Appellants contend that the evidence did not warrant the jury finding that they knew that the tools had been stolen. The tools were removed from the shed after 4:30 p.m. on April 8, 1966, and were sold to Morton Supply in the late morning or early afternoon of the following day. Appellant Tollett approached Mr. Morton for the purpose of selling the tools, conducted the negotiations for the sale, and gave a fictitious name, "Wilbert Underhill" in identifying himself. He further accepted a check in payment for the tools payable to "Wilbert Underhill."

*811 [3] It is true that mere possession of stolen property does not create a presumption of guilt of burglary or larceny, but it is a circumstance or fact which may be considered with all other facts and circumstances in determining the guilt or innocence of the accused. State v. Razey, 54, Wn.2d 422, 341 P.2d 149 (1959); State v. Mevis, 53 Wn.2d 377, 333 P.2d 1095 (1959).

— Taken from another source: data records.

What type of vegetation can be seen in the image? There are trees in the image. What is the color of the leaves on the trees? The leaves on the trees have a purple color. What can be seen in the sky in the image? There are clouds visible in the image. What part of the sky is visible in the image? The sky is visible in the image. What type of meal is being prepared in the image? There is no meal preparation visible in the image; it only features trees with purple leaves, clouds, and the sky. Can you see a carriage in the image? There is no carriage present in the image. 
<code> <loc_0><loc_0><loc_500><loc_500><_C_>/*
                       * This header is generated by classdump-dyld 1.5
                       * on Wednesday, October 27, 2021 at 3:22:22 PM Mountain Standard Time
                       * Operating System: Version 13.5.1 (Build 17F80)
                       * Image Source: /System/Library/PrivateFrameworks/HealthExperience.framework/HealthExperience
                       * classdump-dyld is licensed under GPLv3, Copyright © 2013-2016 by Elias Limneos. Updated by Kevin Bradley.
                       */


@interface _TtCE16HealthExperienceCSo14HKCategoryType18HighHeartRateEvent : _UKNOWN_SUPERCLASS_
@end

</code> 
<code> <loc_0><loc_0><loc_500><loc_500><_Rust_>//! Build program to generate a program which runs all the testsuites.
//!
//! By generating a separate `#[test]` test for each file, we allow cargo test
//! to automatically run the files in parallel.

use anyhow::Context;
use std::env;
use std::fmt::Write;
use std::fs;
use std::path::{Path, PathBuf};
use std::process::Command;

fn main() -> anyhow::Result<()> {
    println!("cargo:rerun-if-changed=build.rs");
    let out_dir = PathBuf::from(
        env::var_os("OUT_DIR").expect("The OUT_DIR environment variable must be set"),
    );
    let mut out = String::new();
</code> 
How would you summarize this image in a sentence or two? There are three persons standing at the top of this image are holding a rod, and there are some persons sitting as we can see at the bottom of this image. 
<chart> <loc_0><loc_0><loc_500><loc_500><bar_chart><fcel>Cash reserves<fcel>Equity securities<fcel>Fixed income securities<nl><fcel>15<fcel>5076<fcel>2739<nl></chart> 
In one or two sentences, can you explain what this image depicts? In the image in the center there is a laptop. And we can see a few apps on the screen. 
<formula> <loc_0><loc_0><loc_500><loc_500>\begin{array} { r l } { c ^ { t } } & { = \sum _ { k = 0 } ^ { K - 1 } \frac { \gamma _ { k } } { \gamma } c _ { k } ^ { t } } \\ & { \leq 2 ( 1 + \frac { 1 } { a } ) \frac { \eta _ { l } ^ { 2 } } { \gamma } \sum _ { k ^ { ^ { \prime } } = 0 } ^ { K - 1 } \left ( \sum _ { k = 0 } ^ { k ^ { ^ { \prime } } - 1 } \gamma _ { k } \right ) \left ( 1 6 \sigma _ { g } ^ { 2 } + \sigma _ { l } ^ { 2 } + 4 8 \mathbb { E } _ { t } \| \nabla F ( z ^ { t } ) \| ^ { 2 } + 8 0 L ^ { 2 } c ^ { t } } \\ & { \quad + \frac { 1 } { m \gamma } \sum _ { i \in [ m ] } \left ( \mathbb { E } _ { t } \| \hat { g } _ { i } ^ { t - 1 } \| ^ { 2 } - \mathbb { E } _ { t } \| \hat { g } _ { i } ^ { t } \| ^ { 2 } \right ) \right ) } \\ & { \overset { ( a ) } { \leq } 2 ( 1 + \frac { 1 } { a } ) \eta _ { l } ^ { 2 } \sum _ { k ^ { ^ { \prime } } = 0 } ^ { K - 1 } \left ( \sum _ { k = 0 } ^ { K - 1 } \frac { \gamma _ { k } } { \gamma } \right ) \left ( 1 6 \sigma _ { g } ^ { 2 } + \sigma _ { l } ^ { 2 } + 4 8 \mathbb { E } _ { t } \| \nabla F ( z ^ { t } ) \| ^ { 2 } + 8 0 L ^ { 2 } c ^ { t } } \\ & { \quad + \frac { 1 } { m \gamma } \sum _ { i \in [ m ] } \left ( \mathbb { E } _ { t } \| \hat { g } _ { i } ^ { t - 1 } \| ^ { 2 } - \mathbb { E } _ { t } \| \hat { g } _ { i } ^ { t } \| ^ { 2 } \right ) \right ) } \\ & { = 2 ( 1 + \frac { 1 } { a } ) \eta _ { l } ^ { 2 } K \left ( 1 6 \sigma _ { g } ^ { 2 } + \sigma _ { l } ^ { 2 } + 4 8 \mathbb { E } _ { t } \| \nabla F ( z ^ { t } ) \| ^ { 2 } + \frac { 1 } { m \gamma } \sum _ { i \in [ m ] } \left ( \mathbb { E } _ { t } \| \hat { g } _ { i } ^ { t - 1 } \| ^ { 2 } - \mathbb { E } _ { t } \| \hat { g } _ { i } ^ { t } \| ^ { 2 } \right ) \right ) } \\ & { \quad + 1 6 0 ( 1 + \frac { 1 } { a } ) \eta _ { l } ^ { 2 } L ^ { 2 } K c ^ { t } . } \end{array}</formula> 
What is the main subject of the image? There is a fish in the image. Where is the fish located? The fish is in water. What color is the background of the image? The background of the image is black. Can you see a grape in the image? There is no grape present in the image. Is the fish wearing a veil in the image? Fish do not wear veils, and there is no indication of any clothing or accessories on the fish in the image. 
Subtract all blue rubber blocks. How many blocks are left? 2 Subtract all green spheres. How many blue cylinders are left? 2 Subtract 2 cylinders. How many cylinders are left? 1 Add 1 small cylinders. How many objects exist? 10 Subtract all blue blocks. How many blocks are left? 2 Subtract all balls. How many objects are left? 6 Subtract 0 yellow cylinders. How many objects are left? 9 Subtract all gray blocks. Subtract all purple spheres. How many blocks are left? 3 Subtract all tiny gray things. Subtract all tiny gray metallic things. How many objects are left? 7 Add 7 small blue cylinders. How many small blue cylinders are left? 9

The added circumstances that appellants had been together and that appellant Tollett gave a fictitious name to cover his identity are sufficient to supply the additional proof to supplement evidence of possession of recently stolen property. They indicate knowledge that the tools were stolen and thus made a case for the consideration of the jury. In the case of State v. Portee, 25 Wn.2d 246, 253, 170 P.2d 326 (1946), we said in quoting from 4 Nichols on Applied Evidence:

"When a person is found in possession of recently stolen property, slight corroborative evidence of other inculpatory circumstances tending to show his guilt will support a conviction. When the fact of possession of recently stolen property is supplemented by the giving of a false or improbable explanation of it, or a failure to explain when a larceny is charged, or the possession of a forged bill of sale, or the giving of a fictitious name, a case is made for the jury." (Italics supplied in Portee.)

We have very recently reaffirmed this principle in the case of State v. Douglas, ante p. 303, 428 P.2d 535 (1967). See also State v. Bobinski, 170 Wash. 120, 15 P.2d 691 (1932).

The evidence was ample to justify a finding of guilty knowledge on the part of appellants.

Appellant Bell makes an additional assignment of error. He asserts that the evidence of his participation in the sale of the tools was so slight as to be insufficient to justify submission of the issue of his guilt to the jury. Bell had admitted to the deputy sheriff that he had come to Yakima from Portland with the other defendants in Treece's car and had been with them from time to time while in Yakima. He was with Tollett, Treece and Lavere at the time the tools were sold and produced a social security card as *812 identification of the person for whom the check should be written, although the check was eventually issued to Tollett under the name of "Wilbert Underhill." Bell accompanied the bookkeeper to the office for the purpose of preparation of the check. Appellant Bell's participation was something more than passive. It was such that the jury could conclude that he aided Tollett in the receiving, withholding, and sale of property known to have been stolen. State v. Bobinski, supra.

The judgments of the trial court are affirmed.

FINLEY, C.J., WEAVER, HAMILTON, and HALE, JJ., concur.

October 4, 1967. Petition for rehearing denied.

NOTES

[*] Reported in 431 P.2d 168.

[†] Judge Denney is serving as a judge pro tempore of the Supreme Court pursuant to Art. 4, § 2(a) (amendment 38), state constitution.

[1] Defendant Treece and appellant Tollett testified, but defendant Lavere and appellant Bell did not.